Embora possa ser uma quantia interessante, são poucas as pessoas que têm direito ao teto. Logo, muitos aposentados enfrentam desafios em relação à renda no Brasil.

Mas existem formas de complementar essa renda, o que pode ser vantajoso nos mais diversos aspectos. Confira a seguir algumas alternativas para isso!

Previdência Privada

A Previdência Privada é uma modalidade de investimento que pode possibilitar uma remuneração a longo prazo. Ela funciona como um fundo de investimento, mas com certas particularidades em relação ao funcionamento. É possível escolher entre duas modalidades:

  • VGBL (Vida Gerador de Benefícios Livres): opção mais indicada para quem declara Imposto de Renda Pessoa Física (IRPF) no formulário simplificado ou é isento;
  • PGBL (Plano Gerador de Benefícios Livres): plano estratégico para quem realiza declaração completa do IRPF, permitindo o abatimento de até 12% da renda anual.

Investimentos

Além da Previdência Privada, também é possível complementar a aposentadoria por meio de investimentos no mercado financeiro. Nesse caso, é importante considerar opções que permitam renda passiva no longo prazo.

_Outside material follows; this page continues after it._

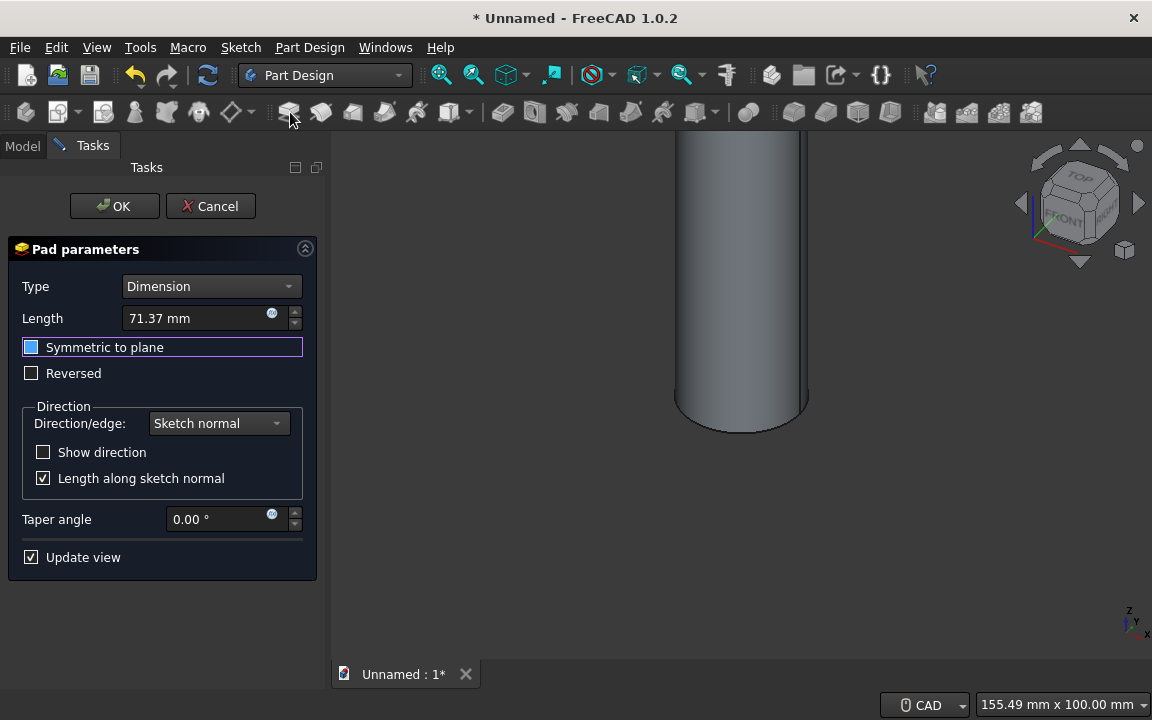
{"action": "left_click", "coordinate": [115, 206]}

Algumas alternativas nesse sentido são:

  • Ações: negociadas na bolsa de valores, ao investir em ações você se torna sócio das empresas. Existem companhias que são boas pagadoras de dividendos, sendo uma possibilidade de renda passiva no longo prazo;
  • Fundos imobiliários: os fundos imobiliários (FIIs) também são alternativas para receber dividendos. As cotas são negociadas na bolsa de valores e o investimento é focado no mercado de imóveis;
  • Tesouro IPCA: sendo um tipo de Título Público, investindo no Tesouro IPCA você empresta dinheiro ao Governo — e o recebe no futuro com acréscimo de juros. É possível comprar títulos de longo prazo, que podem ser interessantes para a aposentadoria.

Conclusão

Neste texto você aprendeu como é feito o cálculo da aposentadoria e os diversos fatores que influenciam o valor final a ser pago ao contribuinte. Como vimos, uma opção interessante é investir para complementar essa renda. Para isso, conte com o auxílio de uma boa corretora de valores!